Dumb devices made smart by HomePods listening to your home

Cupertino, April 23, 2020

A combined research team from Apple and Carnegie Mellon University showed stupid devices made smart. They created a demonstration video (below) to accompany an academic paper.

Rather than any device you have to be smart, the approach proposes that something like a HomePod be trained to solve what is happening in the house ...

The paper was co-authored by two researchers from each organization. TechCrunch explains the idea behind it.

The system, called Listen Learner, is based on recognizing acoustic activity to allow a smart device, such as a speaker equipped with a microphone, to interpret events that take place in its environment through a supervised learning process. manual labeling done through interactions with a single user - such as the speaker asking a person “what was that sound?” after hearing the noise long enough to classify in a cluster.

A general pre-trained model can also be connected to allow the system to get an initial idea of ​​what an acoustic cluster can mean. So, the interaction with the user may be less open, the system may ask a question such as "was it a tap?" - requiring only a yes / no answer from the person in the room.

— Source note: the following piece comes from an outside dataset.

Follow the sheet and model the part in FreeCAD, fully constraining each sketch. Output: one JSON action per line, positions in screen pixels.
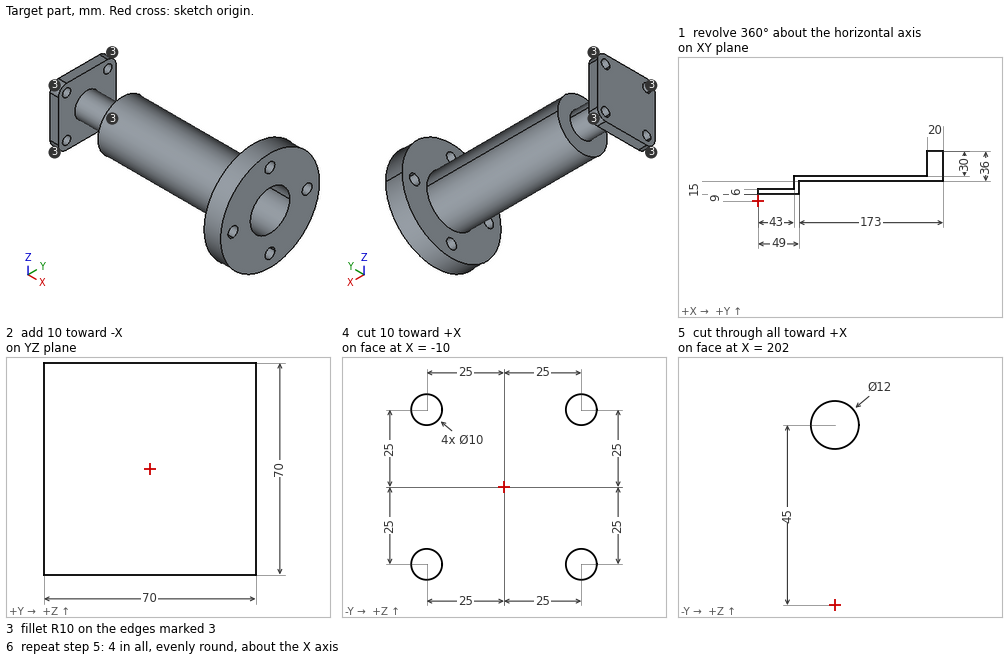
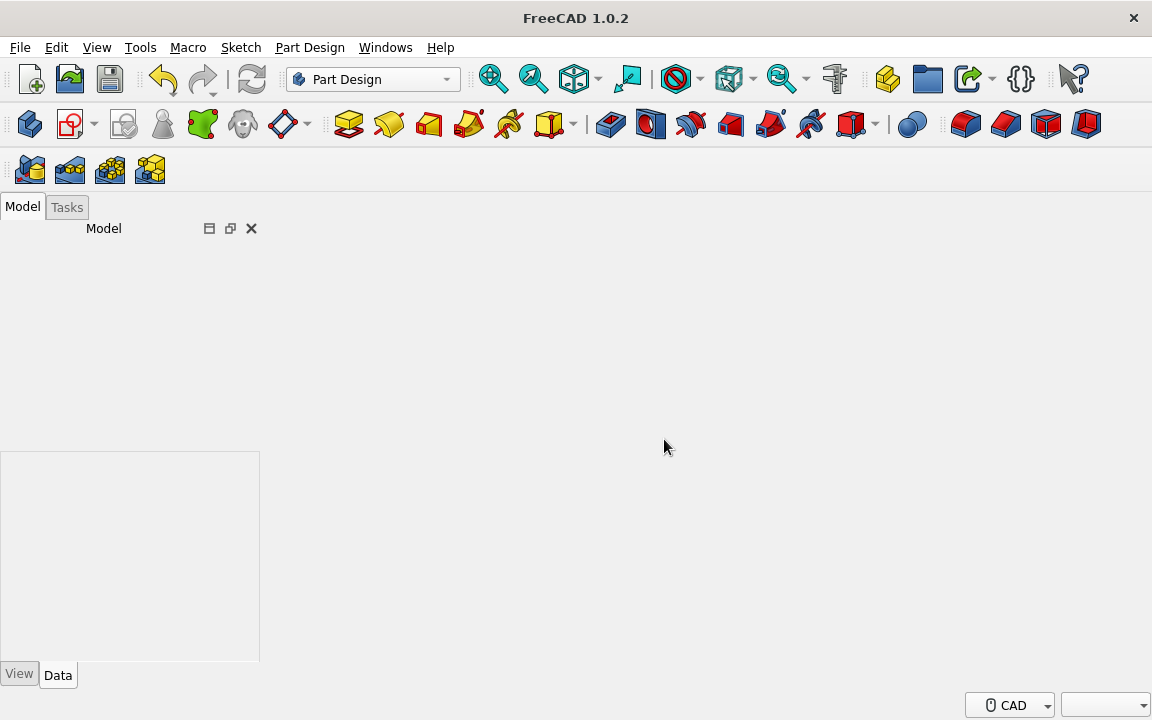
{"action": "left_click", "coordinate": [30, 80]}

What does this bring you? A concept video shows the example of the smart speaker that recognizes the ping of a regular microwave oven and warns the user that their food is ready. This way, you don't have to replace existing devices with expensive smart ones, but rather let your HomePod or similar device solve what's going on to warn you.

Another proven example is the recognition of a knock on the door.

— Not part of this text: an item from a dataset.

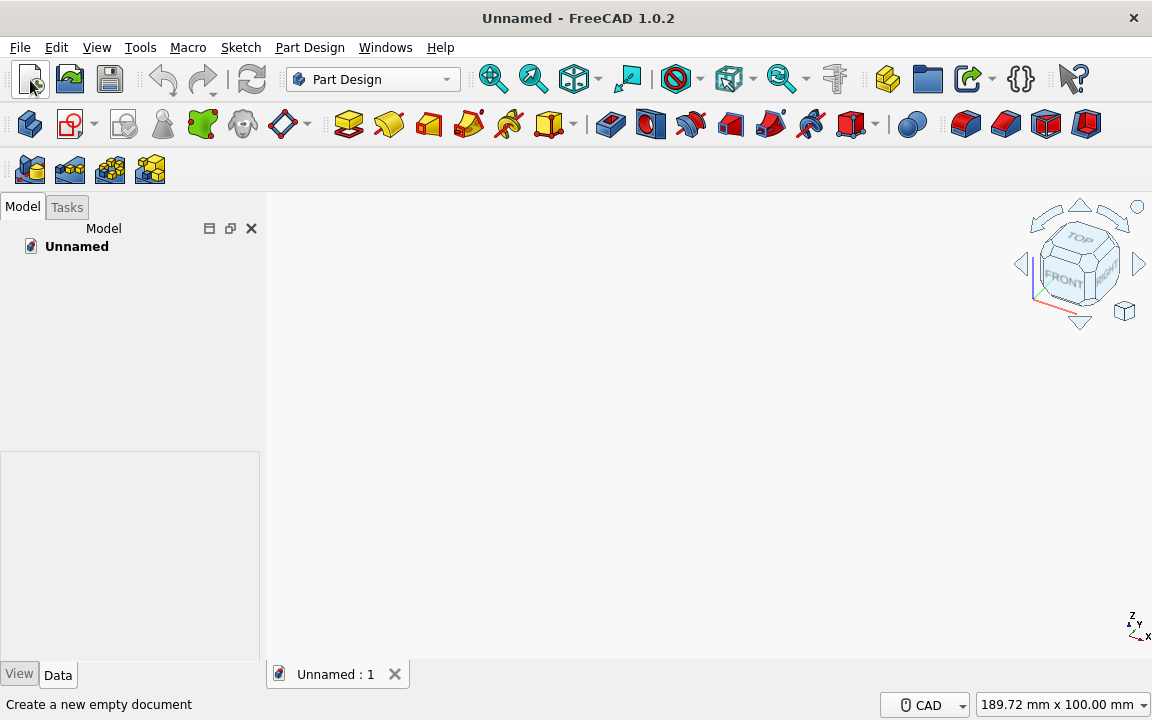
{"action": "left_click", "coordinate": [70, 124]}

It's fun to think of other applications for this, and some of them happened to me quickly.

An example is running a bath. If HomePod can recognize the sound of the bathroom starting to work, then the tap is off, it can find out how long the bathroom should work and warn us if we forget to turn off the tap.

Another thing would be to recognize the members of the household in their footsteps, triggering personalized actions when they return home. You don't need a smart camera system with face recognition, just a HomePod that listens to their distinctive steps.

Watch the video below and please share your own ideas for their smart devices in the comments.